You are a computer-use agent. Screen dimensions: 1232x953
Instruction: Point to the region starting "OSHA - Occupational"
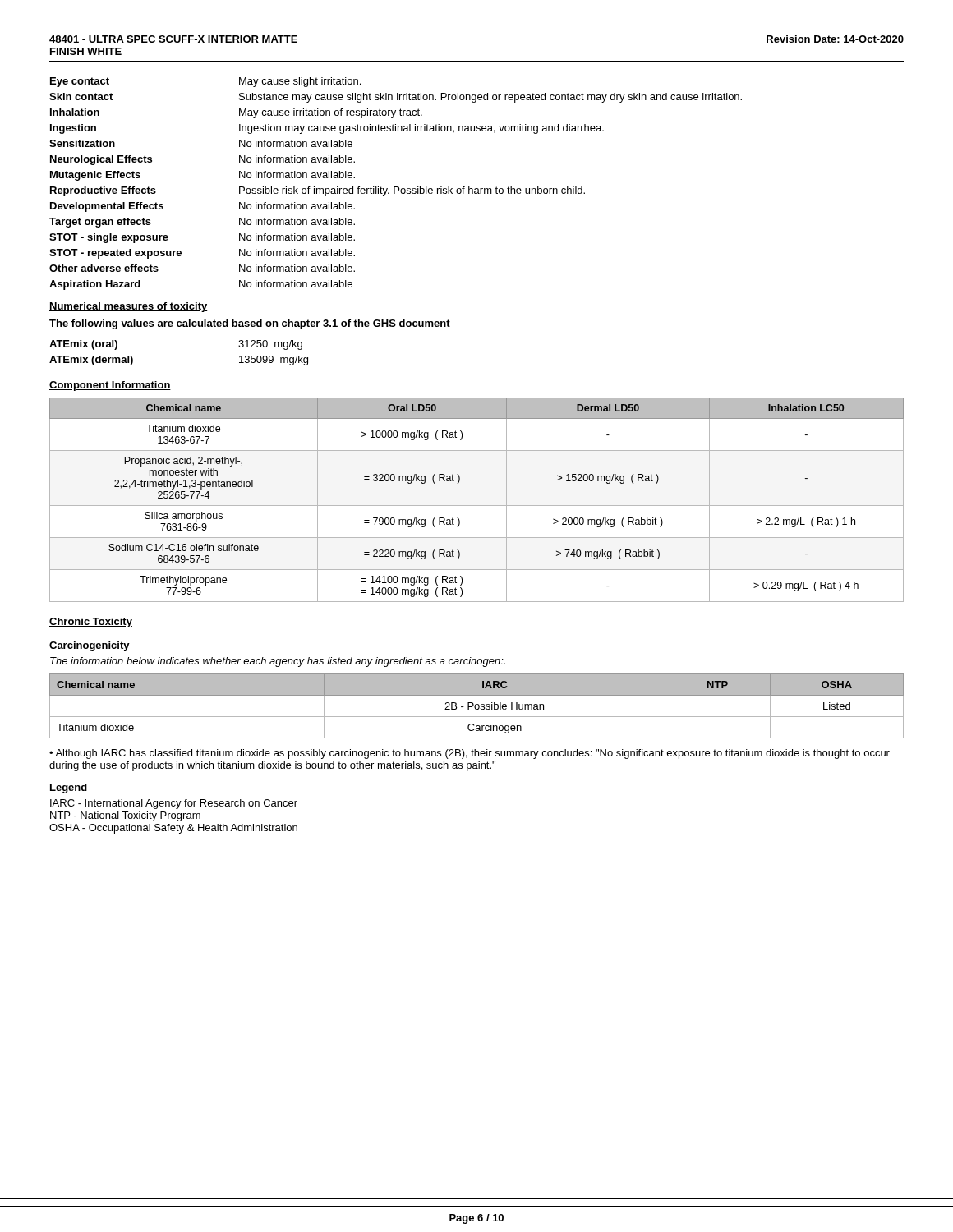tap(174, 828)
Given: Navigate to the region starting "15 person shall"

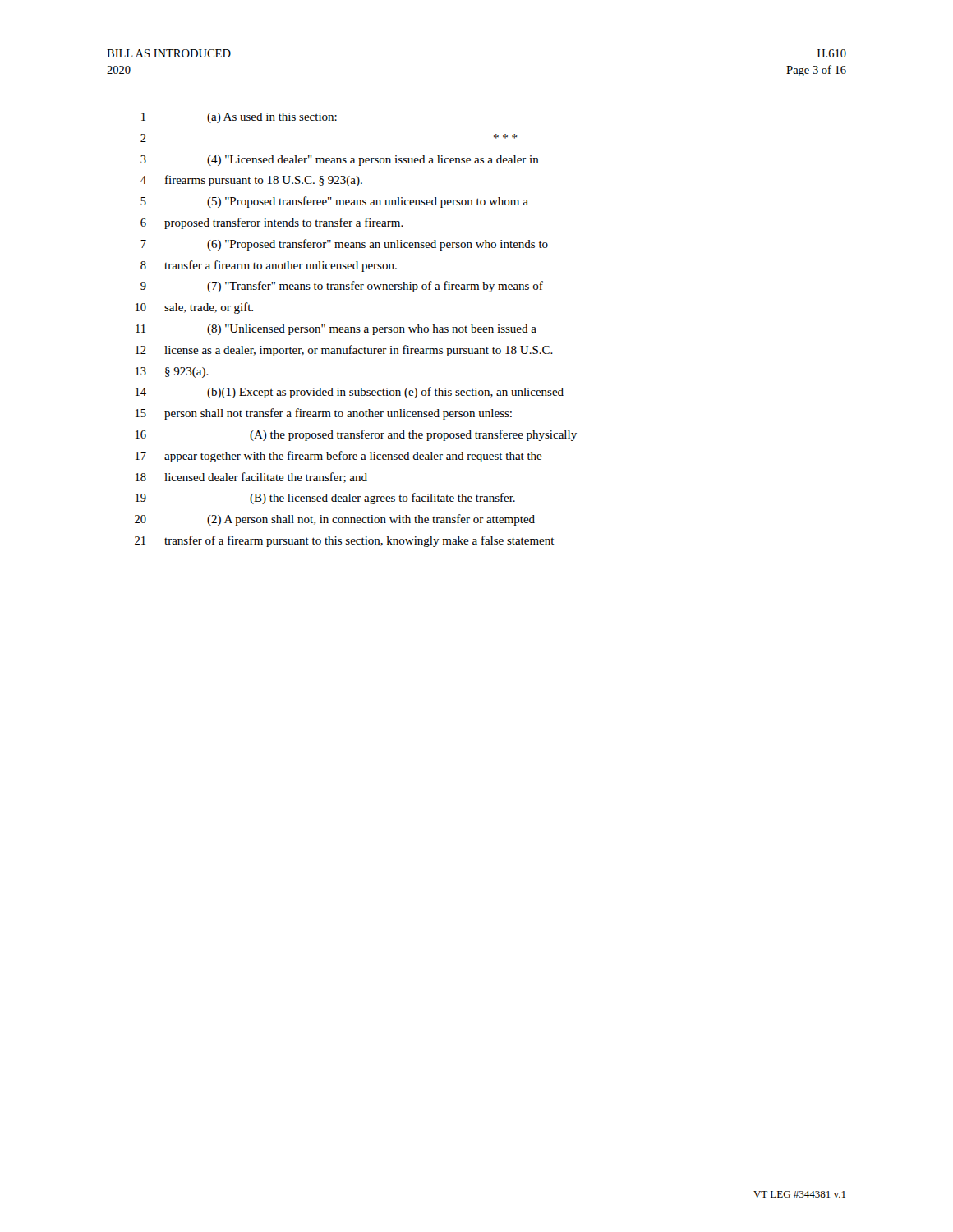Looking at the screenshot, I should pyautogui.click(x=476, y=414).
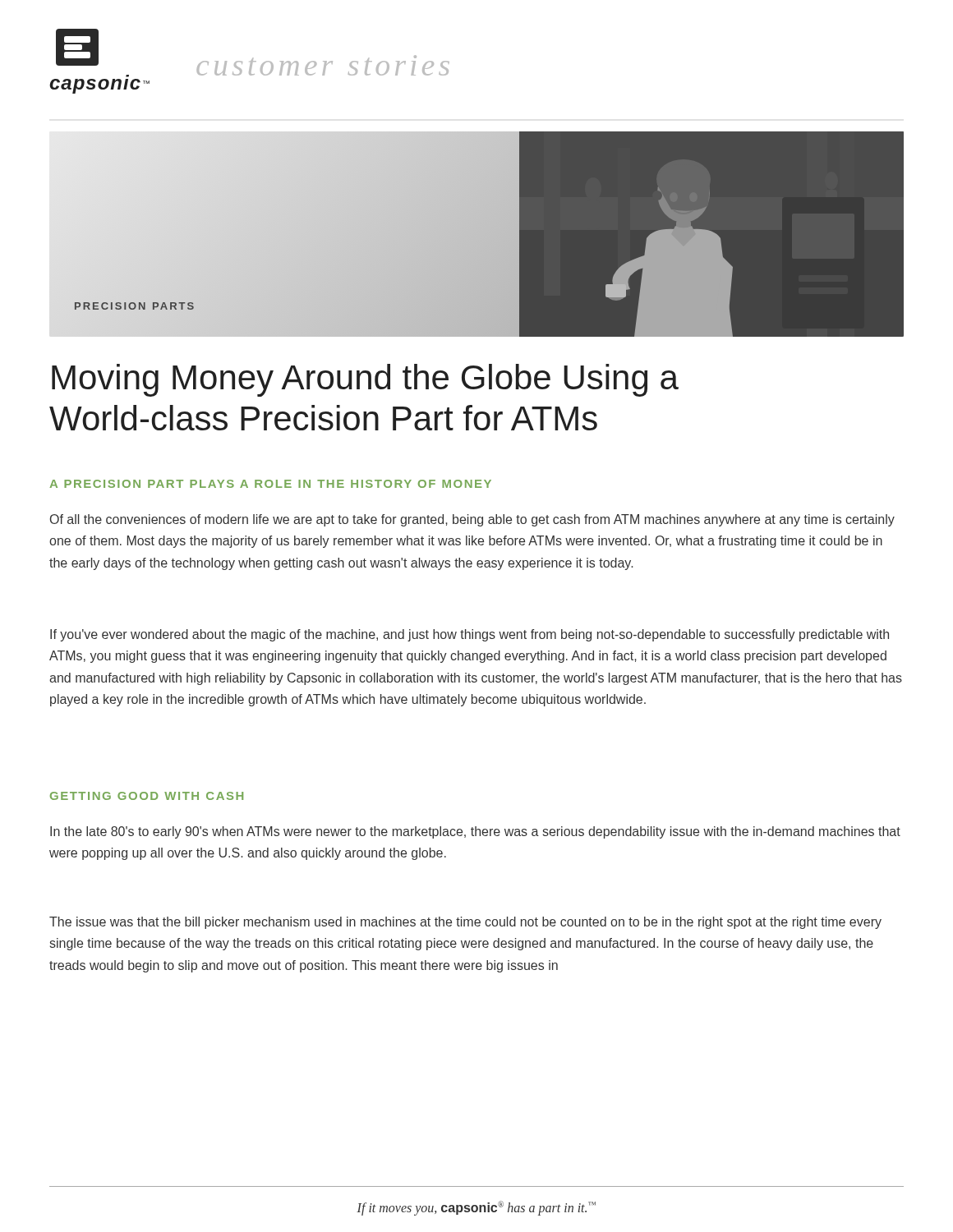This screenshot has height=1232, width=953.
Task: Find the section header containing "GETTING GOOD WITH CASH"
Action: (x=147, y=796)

» Work required
An exact copy of every entry, minus the pictures, is what you should return.

» Your response
You are a computer-use agent. Screen dimensions: 1232x953
Instruction: Point to the region starting "OSHA - Occupational"
tap(174, 828)
Given: Navigate to the region starting "15 person shall"

Looking at the screenshot, I should pyautogui.click(x=476, y=414).
This screenshot has height=1232, width=953.
Task: Find the section header containing "GETTING GOOD WITH CASH"
Action: (x=147, y=796)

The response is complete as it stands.